Problem details: Using the entries that follow, establish how many lines contain the word "instrument" and give only that figure.

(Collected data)
■ ■ ■

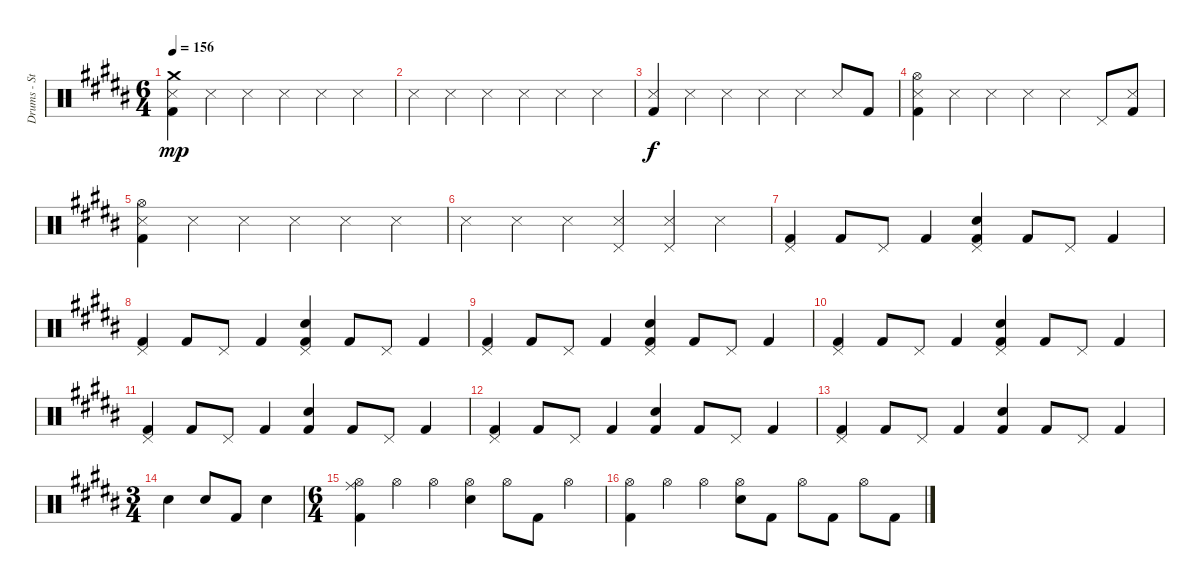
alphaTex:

\track ("Drums - Steve Judd" "Drums - St") {instrument percussion}
\staff {score}
\articulation defaults
\ts (6 4)
\tempo 156
\clef neutral
\ks b
("Crash medium (hit)" "Snare (side stick) 3" "Kick (hit) 2").4{dy mp} "Snare (side stick) 3".4 "Snare (side stick) 3".4 "Snare (side stick) 3".4 "Snare (side stick) 3".4 "Snare (side stick) 3".4 |
"Snare (side stick) 3".4 "Snare (side stick) 3".4 "Snare (side stick) 3".4 "Snare (side stick) 3".4 "Snare (side stick) 3".4 "Snare (side stick) 3".4 |
("Snare (side stick) 3" "Kick (hit) 2").4{dy f} "Snare (side stick) 3".4 "Snare (side stick) 3".4 "Snare (side stick) 3".4 "Snare (side stick) 3".4 "Snare (side stick) 3".8 "Kick (hit) 2".8 |
("Hi-Hat (open)" "Snare (side stick) 3" "Kick (hit) 2").4 "Snare (side stick) 3".4 "Snare (side stick) 3".4 "Snare (side stick) 3".4 "Snare (side stick) 3".4 "Pedal Hi-Hat (hit)".8 ("Snare (side stick) 3" "Kick (hit) 2").8 |
("Hi-Hat (open)" "Snare (side stick) 3" "Kick (hit) 2").4 "Snare (side stick) 3".4 "Snare (side stick) 3".4 "Snare (side stick) 3".4 "Snare (side stick) 3".4 "Snare (side stick) 3".4 |
"Snare (side stick) 3".4 "Snare (side stick) 3".4 "Snare (side stick) 3".4 ("Pedal Hi-Hat (hit)" "Snare (side stick) 3").4 ("Pedal Hi-Hat (hit)" "Snare (side stick) 3").4 "Snare (side stick) 3".4 |
("Pedal Hi-Hat (hit)" "Kick (hit) 2").4 "Kick (hit) 2".8 "Pedal Hi-Hat (hit)".8 "Kick (hit) 2".4 ("Electric Snare (hit)" "Pedal Hi-Hat (hit)" "Kick (hit) 2").4 "Kick (hit) 2".8 "Pedal Hi-Hat (hit)".8 "Kick (hit) 2".4 |
("Pedal Hi-Hat (hit)" "Kick (hit) 2").4 "Kick (hit) 2".8 "Pedal Hi-Hat (hit)".8 "Kick (hit) 2".4 ("Electric Snare (hit)" "Pedal Hi-Hat (hit)" "Kick (hit) 2").4 "Kick (hit) 2".8 "Pedal Hi-Hat (hit)".8 "Kick (hit) 2".4 |
("Pedal Hi-Hat (hit)" "Kick (hit) 2").4 "Kick (hit) 2".8 "Pedal Hi-Hat (hit)".8 "Kick (hit) 2".4 ("Electric Snare (hit)" "Pedal Hi-Hat (hit)" "Kick (hit) 2").4 "Kick (hit) 2".8 "Pedal Hi-Hat (hit)".8 "Kick (hit) 2".4 |
("Pedal Hi-Hat (hit)" "Kick (hit) 2").4 "Kick (hit) 2".8 "Pedal Hi-Hat (hit)".8 "Kick (hit) 2".4 ("Electric Snare (hit)" "Pedal Hi-Hat (hit)" "Kick (hit) 2").4 "Kick (hit) 2".8 "Pedal Hi-Hat (hit)".8 "Kick (hit) 2".4 |
("Pedal Hi-Hat (hit)" "Kick (hit) 2").4 "Kick (hit) 2".8 "Pedal Hi-Hat (hit)".8 "Kick (hit) 2".4 ("Electric Snare (hit)" "Kick (hit) 2").4 "Kick (hit) 2".8 "Pedal Hi-Hat (hit)".8 "Kick (hit) 2".4 |
("Pedal Hi-Hat (hit)" "Kick (hit) 2").4 "Kick (hit) 2".8 "Pedal Hi-Hat (hit)".8 "Kick (hit) 2".4 ("Electric Snare (hit)" "Kick (hit) 2").4 "Kick (hit) 2".8 "Pedal Hi-Hat (hit)".8 "Kick (hit) 2".4 |
("Pedal Hi-Hat (hit)" "Kick (hit) 2").4 "Kick (hit) 2".8 "Pedal Hi-Hat (hit)".8 "Kick (hit) 2".4 ("Electric Snare (hit)" "Kick (hit) 2").4 "Kick (hit) 2".8 "Pedal Hi-Hat (hit)".8 "Kick (hit) 2".4 |
\ts (3 4)
"Electric Snare (hit)".4 "Electric Snare (hit)".8 "Kick (hit) 2".8 "Electric Snare (hit)".4 |
\ts (6 4)
("Ride (middle)" "Hi-Hat (open)" "Kick (hit) 2").4 "Hi-Hat (open)".4 "Hi-Hat (open)".4 ("Hi-Hat (open)" "Electric Snare (hit)").4 "Hi-Hat (open)".8 "Kick (hit) 2".8 "Hi-Hat (open)".4 |
("Hi-Hat (open)" "Kick (hit) 2").4 "Hi-Hat (open)".4 "Hi-Hat (open)".4 ("Hi-Hat (open)" "Electric Snare (hit)").8 "Kick (hit) 2".8 "Hi-Hat (open)".8 "Kick (hit) 2".8 "Hi-Hat (open)".8 "Kick (hit) 2".8
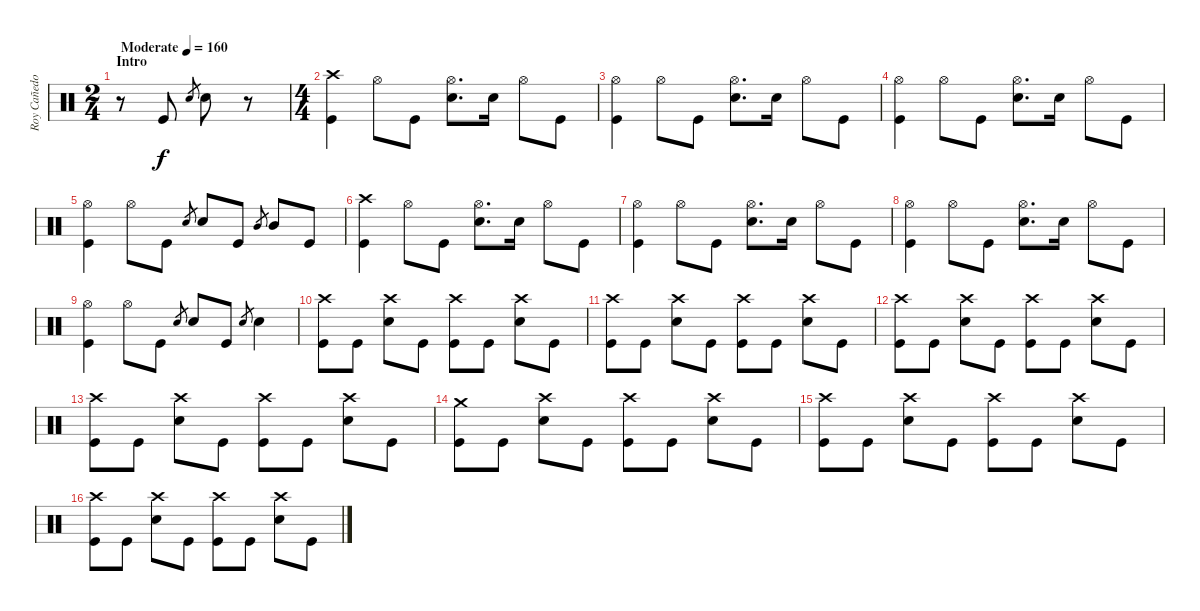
\track ("Roy Cañedo" "Roy Cañedo") {instrument percussion}
\staff {score}
\articulation defaults
\ts (2 4)
\section ("" "Intro")
\tempo (160 "Moderate")
\clef neutral
\ks c
r.8{dy f} "Kick (hit)".8 "Snare (hit) 2".8{gr} "Snare (hit) 2".8 r.8 |
\ts (4 4)
("Crash high (hit)" "Kick (hit)").4 "Hi-Hat (open)".8 "Kick (hit)".8 ("Hi-Hat (open)" "Snare (hit) 2").8{d} "Snare (hit) 2".16 "Hi-Hat (open)".8 "Kick (hit)".8 |
("Hi-Hat (open)" "Kick (hit)").4 "Hi-Hat (open)".8 "Kick (hit)".8 ("Hi-Hat (open)" "Snare (hit) 2").8{d} "Snare (hit) 2".16 "Hi-Hat (open)".8 "Kick (hit)".8 |
("Hi-Hat (open)" "Kick (hit)").4 "Hi-Hat (open)".8 "Kick (hit)".8 ("Hi-Hat (open)" "Snare (hit) 2").8{d} "Snare (hit) 2".16 "Hi-Hat (open)".8 "Kick (hit)".8 |
("Hi-Hat (open)" "Kick (hit)").4 "Hi-Hat (open)".8 "Kick (hit)".8 "Snare (hit) 2".8{gr} "Snare (hit) 2".8 "Kick (hit)".8 "Mid Tom (hit)".8{gr} "Mid Tom (hit)".8 "Kick (hit)".8 |
("Crash high (hit)" "Kick (hit)").4 "Hi-Hat (open)".8 "Kick (hit)".8 ("Hi-Hat (open)" "Snare (hit) 2").8{d} "Snare (hit) 2".16 "Hi-Hat (open)".8 "Kick (hit)".8 |
("Hi-Hat (open)" "Kick (hit)").4 "Hi-Hat (open)".8 "Kick (hit)".8 ("Hi-Hat (open)" "Snare (hit) 2").8{d} "Snare (hit) 2".16 "Hi-Hat (open)".8 "Kick (hit)".8 |
("Hi-Hat (open)" "Kick (hit)").4 "Hi-Hat (open)".8 "Kick (hit)".8 ("Hi-Hat (open)" "Snare (hit) 2").8{d} "Snare (hit) 2".16 "Hi-Hat (open)".8 "Kick (hit)".8 |
("Hi-Hat (open)" "Kick (hit)").4 "Hi-Hat (open)".8 "Kick (hit)".8 "Snare (hit) 2".8{gr} "Snare (hit) 2".8 "Kick (hit)".8 "Snare (hit) 2".8{gr} "Snare (hit) 2".4 |
("Crash high (hit)" "Kick (hit)").8 "Kick (hit)".8 ("Crash high (hit)" "Snare (hit) 2").8 "Kick (hit)".8 ("Crash high (hit)" "Kick (hit)").8 "Kick (hit)".8 ("Crash high (hit)" "Snare (hit) 2").8 "Kick (hit)".8 |
("Crash high (hit)" "Kick (hit)").8 "Kick (hit)".8 ("Crash high (hit)" "Snare (hit) 2").8 "Kick (hit)".8 ("Crash high (hit)" "Kick (hit)").8 "Kick (hit)".8 ("Crash high (hit)" "Snare (hit) 2").8 "Kick (hit)".8 |
("Crash high (hit)" "Kick (hit)").8 "Kick (hit)".8 ("Crash high (hit)" "Snare (hit) 2").8 "Kick (hit)".8 ("Crash high (hit)" "Kick (hit)").8 "Kick (hit)".8 ("Crash high (hit)" "Snare (hit) 2").8 "Kick (hit)".8 |
("Crash high (hit)" "Kick (hit)").8 "Kick (hit)".8 ("Crash high (hit)" "Snare (hit) 2").8 "Kick (hit)".8 ("Crash high (hit)" "Kick (hit)").8 "Kick (hit)".8 ("Crash high (hit)" "Snare (hit) 2").8 "Kick (hit)".8 |
("Crash medium (hit)" "Kick (hit)").8 "Kick (hit)".8 ("Crash high (hit)" "Snare (hit) 2").8 "Kick (hit)".8 ("Crash high (hit)" "Kick (hit)").8 "Kick (hit)".8 ("Crash high (hit)" "Snare (hit) 2").8 "Kick (hit)".8 |
("Crash high (hit)" "Kick (hit)").8 "Kick (hit)".8 ("Crash high (hit)" "Snare (hit) 2").8 "Kick (hit)".8 ("Crash high (hit)" "Kick (hit)").8 "Kick (hit)".8 ("Crash high (hit)" "Snare (hit) 2").8 "Kick (hit)".8 |
("Crash high (hit)" "Kick (hit)").8 "Kick (hit)".8 ("Crash high (hit)" "Snare (hit) 2").8 "Kick (hit)".8 ("Crash high (hit)" "Kick (hit)").8 "Kick (hit)".8 ("Crash high (hit)" "Snare (hit) 2").8 "Kick (hit)".8
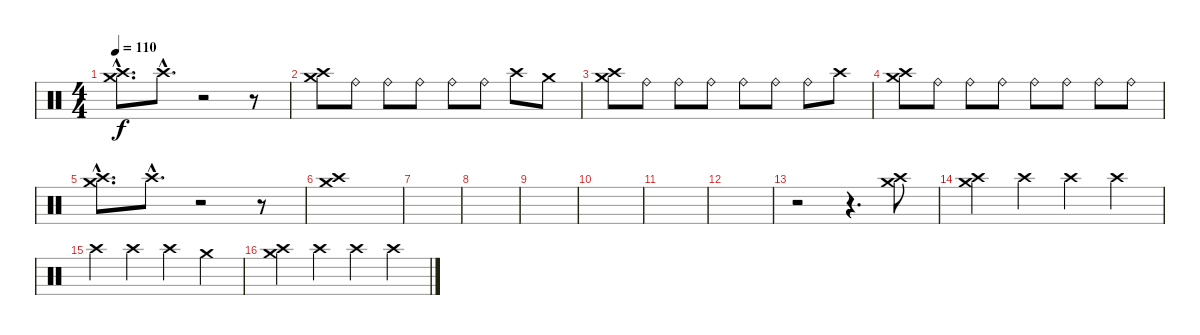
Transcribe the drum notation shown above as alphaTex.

\track "" {instrument percussion}
\staff {score}
\articulation defaults
\ts (4 4)
\tempo 110
\clef neutral
\ks c
("Crash medium (hit)"{hac} "Crash high (hit)"{hac}).8{d dy f} "Crash high (hit)"{hac}.8{d} r.2 r.8 |
("Crash medium (hit)" "Crash high (hit)").8 "Ride (bell)".8 "Ride (bell)".8 "Ride (bell)".8 "Ride (bell)".8 "Ride (bell)".8 "Crash high (hit)".8 "Crash medium (hit)".8 |
("Crash medium (hit)" "Crash high (hit)").8 "Ride (bell)".8 "Ride (bell)".8 "Ride (bell)".8 "Ride (bell)".8 "Ride (bell)".8 "Ride (bell)".8 "Crash high (hit)".8 |
("Crash medium (hit)" "Crash high (hit)").8 "Ride (bell)".8 "Ride (bell)".8 "Ride (bell)".8 "Ride (bell)".8 "Ride (bell)".8 "Ride (bell)".8 "Ride (bell)".8 |
("Crash medium (hit)"{hac} "Crash high (hit)"{hac}).8{d} "Crash high (hit)"{hac}.8{d} r.2 r.8 |
("Crash medium (hit)" "Crash high (hit)").1 |
|
|
|
|
|
|
r.2 r.4{d} ("Crash medium (hit)" "Crash high (hit)").8 |
("Crash high (hit)" "Crash medium (hit)").4 "Crash high (hit)".4 "Crash high (hit)".4 "Crash high (hit)".4 |
"Crash high (hit)".4 "Crash high (hit)".4 "Crash high (hit)".4 "Crash medium (hit)".4 |
("Crash high (hit)" "Crash medium (hit)").4 "Crash high (hit)".4 "Crash high (hit)".4 "Crash high (hit)".4
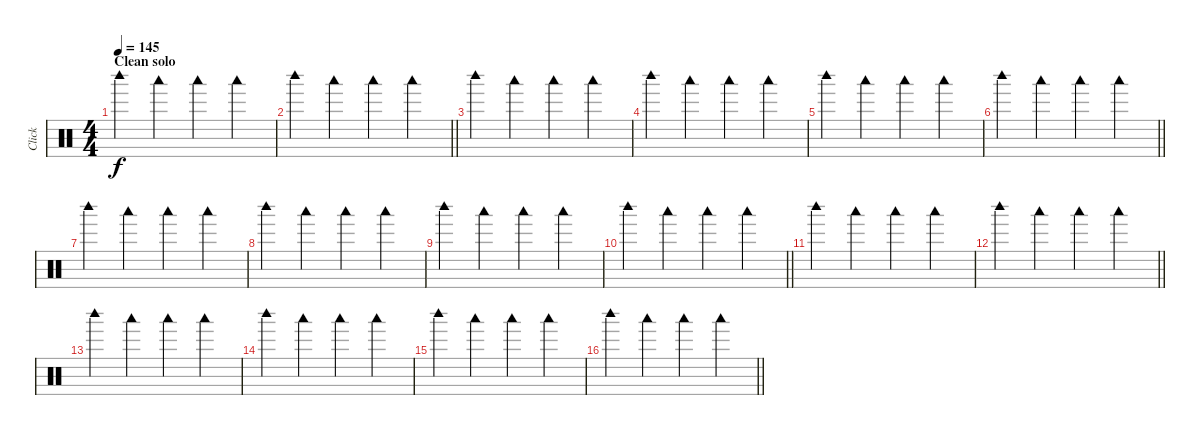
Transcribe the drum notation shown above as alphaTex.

\track ("Click" "Click") {mute instrument percussion}
\staff {score}
\articulation defaults
\ts (4 4)
\section ("" "Clean solo")
\tempo 145
\clef neutral
\ks c "Woodblock high (hit)".4{dy f} "Woodblock low (hit)".4 "Woodblock low (hit)".4 "Woodblock low (hit)".4
|
\barLineRight lightlight "Woodblock high (hit)".4 "Woodblock low (hit)".4 "Woodblock low (hit)".4 "Woodblock low (hit)".4
|
"Woodblock high (hit)".4 "Woodblock low (hit)".4 "Woodblock low (hit)".4 "Woodblock low (hit)".4 |
"Woodblock high (hit)".4 "Woodblock low (hit)".4 "Woodblock low (hit)".4 "Woodblock low (hit)".4 |
"Woodblock high (hit)".4 "Woodblock low (hit)".4 "Woodblock low (hit)".4 "Woodblock low (hit)".4 |
\barLineRight lightlight "Woodblock high (hit)".4 "Woodblock low (hit)".4 "Woodblock low (hit)".4 "Woodblock low (hit)".4
|
"Woodblock high (hit)".4 "Woodblock low (hit)".4 "Woodblock low (hit)".4 "Woodblock low (hit)".4 |
"Woodblock high (hit)".4 "Woodblock low (hit)".4 "Woodblock low (hit)".4 "Woodblock low (hit)".4 |
"Woodblock high (hit)".4 "Woodblock low (hit)".4 "Woodblock low (hit)".4 "Woodblock low (hit)".4 |
\barLineRight lightlight "Woodblock high (hit)".4 "Woodblock low (hit)".4 "Woodblock low (hit)".4 "Woodblock low (hit)".4
|
"Woodblock high (hit)".4 "Woodblock low (hit)".4 "Woodblock low (hit)".4 "Woodblock low (hit)".4 |
\barLineRight lightlight "Woodblock high (hit)".4 "Woodblock low (hit)".4 "Woodblock low (hit)".4 "Woodblock low (hit)".4
|
"Woodblock high (hit)".4 "Woodblock low (hit)".4 "Woodblock low (hit)".4 "Woodblock low (hit)".4 |
"Woodblock high (hit)".4 "Woodblock low (hit)".4 "Woodblock low (hit)".4 "Woodblock low (hit)".4 |
"Woodblock high (hit)".4 "Woodblock low (hit)".4 "Woodblock low (hit)".4 "Woodblock low (hit)".4 |
\barLineRight lightlight "Woodblock high (hit)".4 "Woodblock low (hit)".4 "Woodblock low (hit)".4 "Woodblock low (hit)".4

■ ■ ■

Written response: 4